And that’s when it happened.
The bag opened.
And opened.
And opened.
With the hordes of the dark places roaring at his back, he poured all his power down into the bag. And through the amulet.
An amulet that was once used for unlocking the Eye of Malachi and taking the bearer from one realm to another.
But was now a different kind of key. One that created a realm.
The van screamed down the road. And as it did, the red bag of Sinzerklaazz scooped up the landscape.
The end of the bag grew. Fluttered into the van. It expanded. Adhered to the walls.
Odom hurried to the front of the van. The bag grew transparent. Revealed a landscape of rolling hills and evergreens on either side of a crumbling blacktop.
The road they had just driven on.
But was now free of orkes and ogres and the nasty things of the dark places.
And it was inside van.
He glanced at the sideview mirror. Behind them was roiling darkness and screaming beasts brandishing all kinds of pointy objects.
No time to slow down.
“Go faster!” he shouted to Rodney.
And somehow, Rodney, the most excellent pizza delivery driver, made the van go faster. While screaming at the top of his lungs.

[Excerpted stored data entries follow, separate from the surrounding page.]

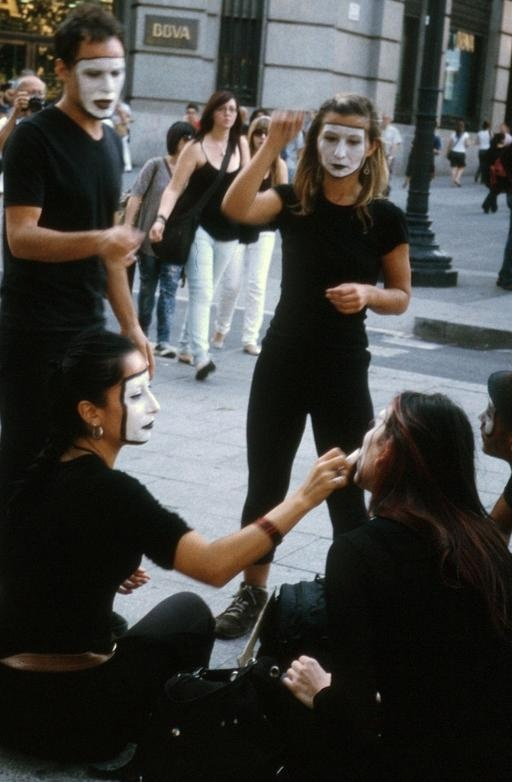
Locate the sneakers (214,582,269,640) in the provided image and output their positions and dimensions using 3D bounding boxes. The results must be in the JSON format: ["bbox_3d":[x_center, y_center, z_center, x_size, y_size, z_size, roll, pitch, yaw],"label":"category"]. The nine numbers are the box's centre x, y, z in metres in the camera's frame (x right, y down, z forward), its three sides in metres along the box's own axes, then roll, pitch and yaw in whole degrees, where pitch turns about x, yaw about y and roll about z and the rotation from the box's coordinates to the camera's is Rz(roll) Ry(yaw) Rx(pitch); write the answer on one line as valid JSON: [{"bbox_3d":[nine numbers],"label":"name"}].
[{"bbox_3d":[-0.035,0.782,2.637,0.101,0.103,0.273,15,22,21],"label":"sneakers"}]

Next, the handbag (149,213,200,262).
[{"bbox_3d":[-0.636,-1.235,5.787,0.199,0.335,0.331,5,22,-38],"label":"handbag"}]

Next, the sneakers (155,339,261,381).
[{"bbox_3d":[-0.426,-0.253,6.089,0.235,0.558,0.174,57,20,22],"label":"sneakers"}]
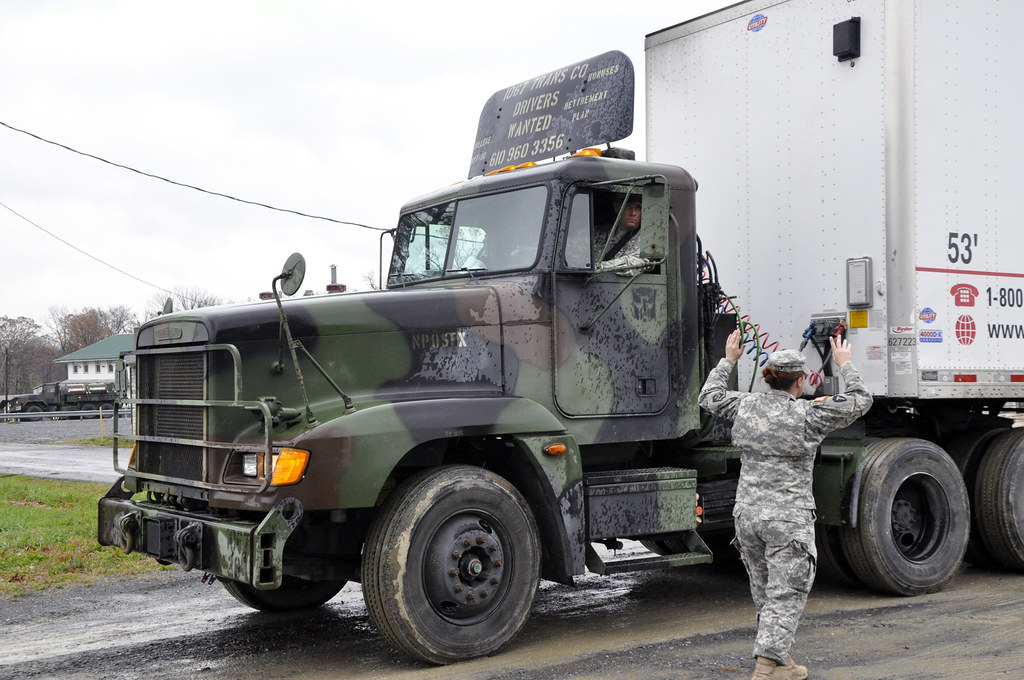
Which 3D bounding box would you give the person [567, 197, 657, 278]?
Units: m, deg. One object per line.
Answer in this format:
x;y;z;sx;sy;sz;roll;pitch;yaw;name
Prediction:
0.870;-0.906;8.167;0.853;0.799;0.576;5;4;-44;person
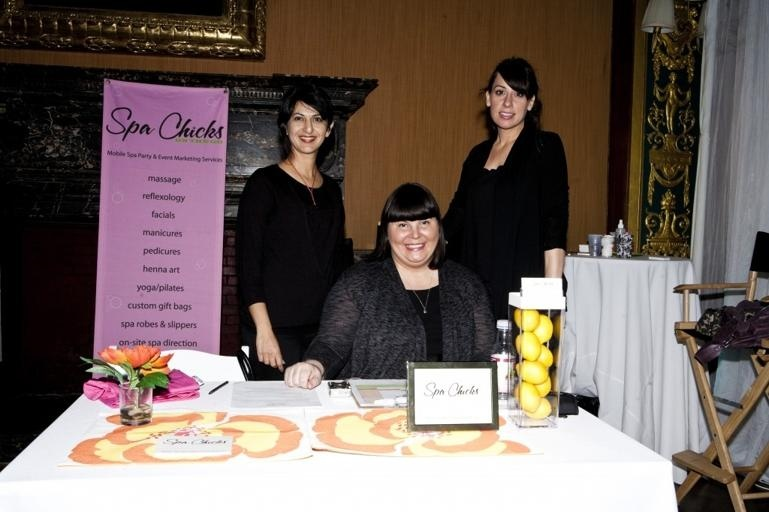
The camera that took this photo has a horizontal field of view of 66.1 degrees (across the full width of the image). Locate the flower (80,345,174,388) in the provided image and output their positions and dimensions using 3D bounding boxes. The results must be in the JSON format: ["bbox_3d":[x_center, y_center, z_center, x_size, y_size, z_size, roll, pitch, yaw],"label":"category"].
[{"bbox_3d":[-0.872,0.374,2.080,0.281,0.140,0.204,-1,5,4],"label":"flower"}]

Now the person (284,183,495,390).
[{"bbox_3d":[0.029,0.100,2.579,0.909,0.833,0.392,-3,5,-19],"label":"person"}]

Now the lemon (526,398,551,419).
[{"bbox_3d":[0.520,0.529,2.035,0.075,0.060,0.058,-1,-13,-6],"label":"lemon"}]

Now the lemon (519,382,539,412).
[{"bbox_3d":[0.490,0.488,2.018,0.068,0.071,0.091,0,30,-6],"label":"lemon"}]

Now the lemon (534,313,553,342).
[{"bbox_3d":[0.542,0.243,2.011,0.047,0.088,0.067,-1,3,25],"label":"lemon"}]

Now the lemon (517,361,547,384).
[{"bbox_3d":[0.498,0.397,2.014,0.088,0.069,0.065,12,23,8],"label":"lemon"}]

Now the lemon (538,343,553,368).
[{"bbox_3d":[0.545,0.337,2.016,0.050,0.073,0.042,-6,10,-11],"label":"lemon"}]

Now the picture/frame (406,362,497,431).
[{"bbox_3d":[0.218,0.474,1.984,0.218,0.162,0.026,1,-4,-6],"label":"picture/frame"}]

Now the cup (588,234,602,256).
[{"bbox_3d":[1.495,-0.076,4.207,0.091,0.142,0.199,1,5,19],"label":"cup"}]

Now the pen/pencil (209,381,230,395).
[{"bbox_3d":[-0.641,0.513,2.315,0.016,0.015,0.102,12,20,29],"label":"pen/pencil"}]

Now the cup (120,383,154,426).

And Sinzerklaazz’s bag kept scooping up the landscape.
Road, trees, bushes, houses–all of it zipped into the bag and into the back of the van. They hit the outskirts of town. The suburbs went in. The strip malls bounced into the bag.

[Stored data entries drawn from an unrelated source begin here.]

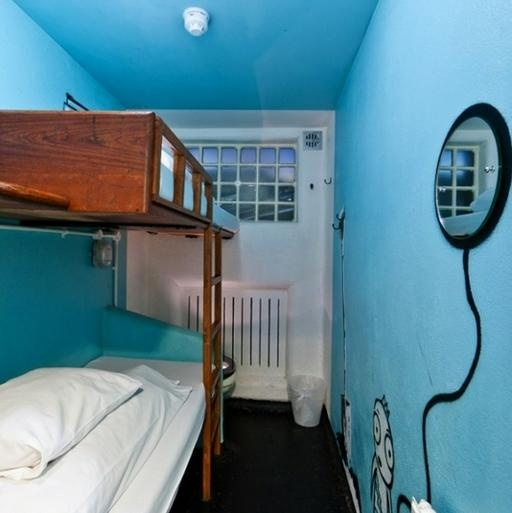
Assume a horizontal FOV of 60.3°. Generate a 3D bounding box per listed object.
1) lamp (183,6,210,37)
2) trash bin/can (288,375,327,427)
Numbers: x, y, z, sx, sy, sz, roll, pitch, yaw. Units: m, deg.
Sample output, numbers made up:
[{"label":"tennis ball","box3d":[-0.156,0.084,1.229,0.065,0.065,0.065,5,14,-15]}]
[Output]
[{"label":"lamp","box3d":[-0.305,-1.214,2.289,0.137,0.099,0.154,-1,9,-10]},{"label":"trash bin/can","box3d":[0.408,1.114,3.524,0.309,0.318,0.394,1,8,7]}]
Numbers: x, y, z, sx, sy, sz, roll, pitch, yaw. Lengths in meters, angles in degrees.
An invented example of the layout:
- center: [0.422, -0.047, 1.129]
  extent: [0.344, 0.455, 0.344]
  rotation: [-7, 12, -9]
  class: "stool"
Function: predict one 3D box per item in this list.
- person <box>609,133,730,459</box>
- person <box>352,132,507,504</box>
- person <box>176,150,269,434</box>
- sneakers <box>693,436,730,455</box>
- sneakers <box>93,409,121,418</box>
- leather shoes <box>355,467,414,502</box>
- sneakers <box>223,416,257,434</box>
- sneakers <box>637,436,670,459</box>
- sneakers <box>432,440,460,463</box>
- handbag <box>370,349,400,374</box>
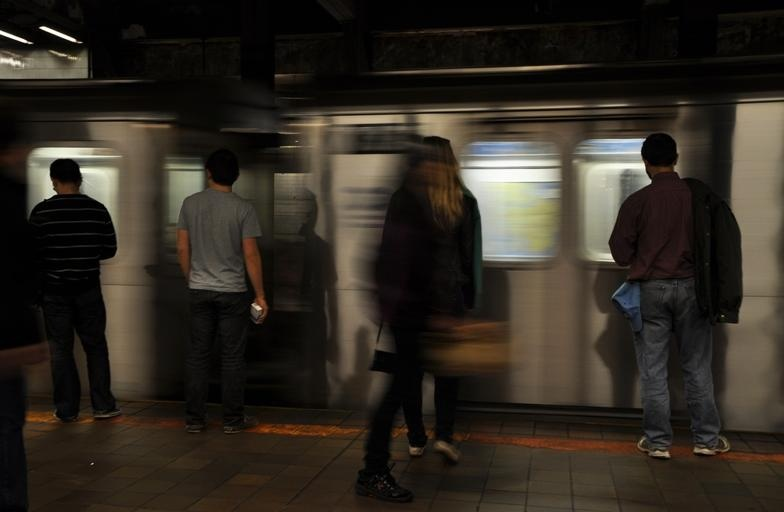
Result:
- center: [2.491, 0.355, 6.162]
  extent: [0.700, 2.819, 0.860]
  rotation: [-8, 15, -25]
  class: "person"
- center: [0.258, 0.479, 5.617]
  extent: [0.642, 2.823, 1.195]
  rotation: [6, 15, 30]
  class: "person"
- center: [-1.709, 0.346, 6.832]
  extent: [0.864, 2.732, 0.715]
  rotation: [-4, 14, -10]
  class: "person"
- center: [2.879, 1.723, 6.209]
  extent: [0.264, 0.177, 0.167]
  rotation: [9, 4, 17]
  class: "sneakers"
- center: [-2.949, 1.629, 7.174]
  extent: [0.273, 0.091, 0.102]
  rotation: [-2, 3, -41]
  class: "sneakers"
- center: [-0.109, 1.825, 5.603]
  extent: [0.547, 0.217, 0.193]
  rotation: [4, -1, 17]
  class: "leather shoes"
- center: [-1.509, 1.659, 6.944]
  extent: [0.135, 0.130, 0.353]
  rotation: [4, 7, 29]
  class: "sneakers"
- center: [2.360, 1.710, 6.266]
  extent: [0.132, 0.126, 0.304]
  rotation: [-1, 10, -14]
  class: "sneakers"
- center: [0.489, 1.706, 6.077]
  extent: [0.301, 0.123, 0.128]
  rotation: [37, 1, -27]
  class: "sneakers"
- center: [-0.050, 0.827, 5.431]
  extent: [0.277, 0.214, 0.179]
  rotation: [4, -10, 6]
  class: "handbag"
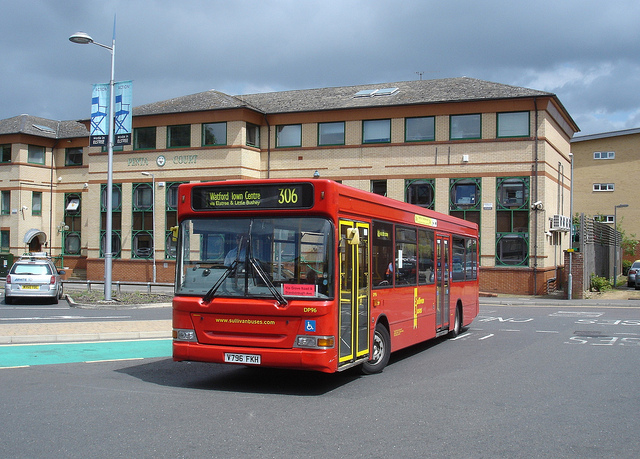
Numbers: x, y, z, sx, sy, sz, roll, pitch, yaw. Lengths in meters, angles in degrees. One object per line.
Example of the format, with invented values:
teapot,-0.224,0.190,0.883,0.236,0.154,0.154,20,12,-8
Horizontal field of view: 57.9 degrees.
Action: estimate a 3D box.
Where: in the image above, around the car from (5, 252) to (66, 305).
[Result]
car,-12.805,2.252,25.592,2.183,2.121,2.543,1,-5,-30
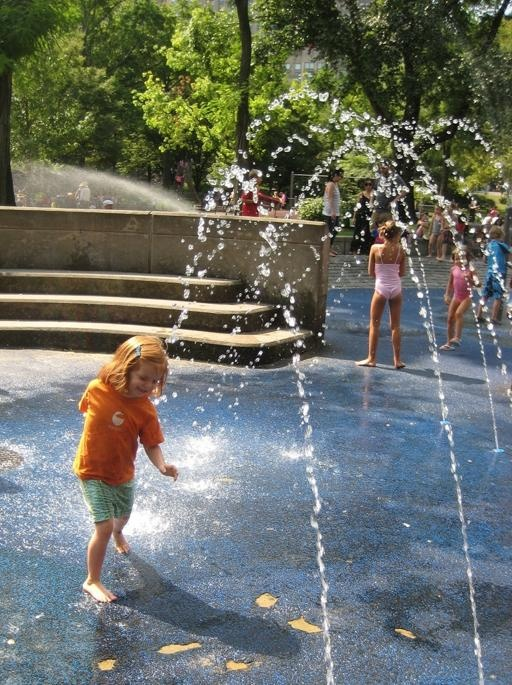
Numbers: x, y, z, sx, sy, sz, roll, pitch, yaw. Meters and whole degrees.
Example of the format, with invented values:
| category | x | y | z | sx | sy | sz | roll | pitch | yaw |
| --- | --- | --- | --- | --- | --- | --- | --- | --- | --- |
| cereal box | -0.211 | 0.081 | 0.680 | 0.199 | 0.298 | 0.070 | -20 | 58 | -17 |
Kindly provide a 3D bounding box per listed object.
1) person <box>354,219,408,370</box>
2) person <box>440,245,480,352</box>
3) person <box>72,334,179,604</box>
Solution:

Down the highway, they went.
And into the bag, the highway went. Along with the shops and side streets and apartment complexes on either side of it.
Into the back of the van. In perfect order. Not a single brick out of place. Not a single blade of grass damaged.

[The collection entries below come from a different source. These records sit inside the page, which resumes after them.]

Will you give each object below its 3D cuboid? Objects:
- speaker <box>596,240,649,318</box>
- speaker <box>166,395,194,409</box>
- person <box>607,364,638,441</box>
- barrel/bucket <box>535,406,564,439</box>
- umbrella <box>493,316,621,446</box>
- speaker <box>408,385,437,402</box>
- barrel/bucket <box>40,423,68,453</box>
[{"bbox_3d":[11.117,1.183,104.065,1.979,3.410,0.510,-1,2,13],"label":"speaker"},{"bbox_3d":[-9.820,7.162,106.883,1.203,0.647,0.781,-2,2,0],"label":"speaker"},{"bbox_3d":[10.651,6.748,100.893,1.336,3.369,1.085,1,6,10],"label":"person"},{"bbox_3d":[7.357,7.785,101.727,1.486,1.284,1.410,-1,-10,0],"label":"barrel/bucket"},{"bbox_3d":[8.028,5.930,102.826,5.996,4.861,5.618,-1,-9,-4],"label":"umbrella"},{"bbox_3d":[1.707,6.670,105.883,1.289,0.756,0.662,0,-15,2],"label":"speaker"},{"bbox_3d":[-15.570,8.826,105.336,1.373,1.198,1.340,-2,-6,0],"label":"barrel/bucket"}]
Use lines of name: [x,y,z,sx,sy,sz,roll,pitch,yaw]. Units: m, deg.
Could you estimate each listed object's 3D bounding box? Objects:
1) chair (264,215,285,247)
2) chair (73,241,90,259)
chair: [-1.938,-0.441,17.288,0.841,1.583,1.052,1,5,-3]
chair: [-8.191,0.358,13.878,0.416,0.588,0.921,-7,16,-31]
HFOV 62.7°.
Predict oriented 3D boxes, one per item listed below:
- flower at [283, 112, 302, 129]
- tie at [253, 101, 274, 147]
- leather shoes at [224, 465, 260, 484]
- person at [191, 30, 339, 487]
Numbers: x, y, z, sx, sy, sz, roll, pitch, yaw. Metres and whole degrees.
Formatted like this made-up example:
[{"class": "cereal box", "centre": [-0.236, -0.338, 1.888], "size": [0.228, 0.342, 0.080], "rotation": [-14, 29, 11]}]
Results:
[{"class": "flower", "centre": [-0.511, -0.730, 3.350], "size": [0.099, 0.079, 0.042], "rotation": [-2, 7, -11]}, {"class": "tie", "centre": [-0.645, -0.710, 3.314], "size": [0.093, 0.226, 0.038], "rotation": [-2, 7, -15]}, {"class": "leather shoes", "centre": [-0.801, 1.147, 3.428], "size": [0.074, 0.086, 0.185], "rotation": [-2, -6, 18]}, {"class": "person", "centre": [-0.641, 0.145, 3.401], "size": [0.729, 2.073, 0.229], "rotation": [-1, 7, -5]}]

But the roiling horde behind them roared on their tail. Battle horns sounded. Terrible hooves pounded the rocky ground.
He gripped the edge of the bag. Massive energies poured through him. Searing every fiber of his being.
But somehow he held on.
As if he had a choice.
Through the core of the city they went.
And into the bag and the back of the van the towers of downtown flowed in. Sparkling office buildings, concrete sidewalks and parking meters with their worn blue paint–into the bag it all went.
The van roared on. Never slowing.
Neither did the screaming horde of destruction behind him.
Was it his imagination or was there a sound of frustration in those screams?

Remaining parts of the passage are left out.